There are some users who won't like this solution, however. Sometimes
the user chooses to surf with a maximized window, and won't scale
the window to a size that makes the text easier to read. While it
may seem counter-intuitive, the user relies on fixed-width sites
to control text readability instead of just scaling the window.
They are, however, users, and must be kept in mind. Generally, those
users are so few it is not an issue on your average site.

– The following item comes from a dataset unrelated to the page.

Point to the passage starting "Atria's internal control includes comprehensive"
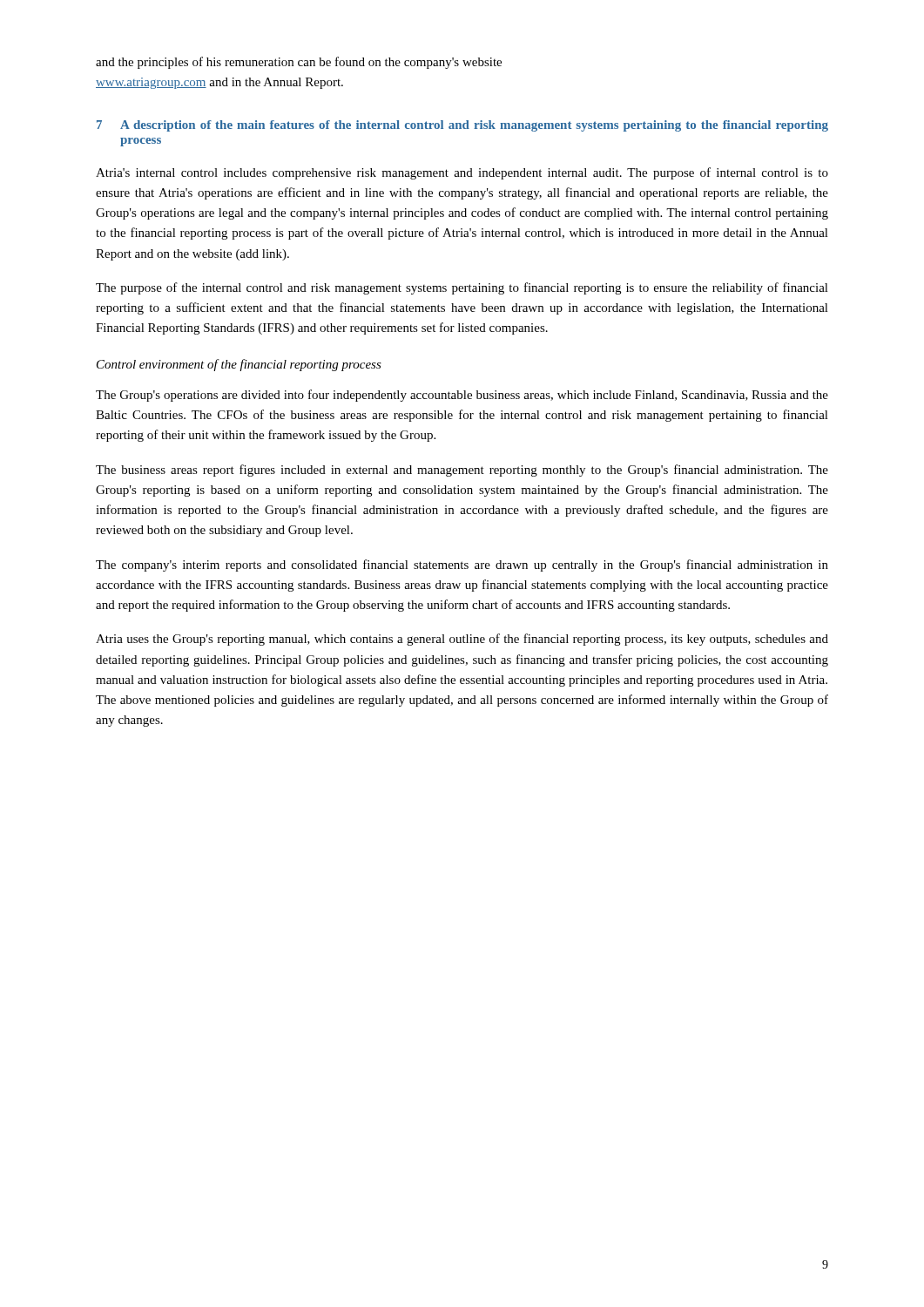 [462, 213]

I'm going to describe some approaches to creating a liquid design
that could be very handy. I'll be discussing it with the use of
tables for layout (for a good primer on liquid tables, visit Liquid
Tables). I only qualify this because some developer-oriented
sites (like A
List Apart ) are experimenting with CSS-driven layouts in lieu
of tables. While this is definitely a stronger approach for the
long-term, the few browsers that correctly support the code necessary
to do this are often not enough of a general site's audience to
warrant this approach especially if one of the goals of the
site is a consistent experience for all users.
Things to Consider
One of the first decisions you'll need to make, even before creating
a design, is what is the minimum resolution you are prepared to
support. Will 640x480 be your minimum target? Do you expect WebTV
traffic? If so, then perhaps 540 pixels in width is best. What about
palm-top users? Do you see Pocket IE or Windows CE (as an example)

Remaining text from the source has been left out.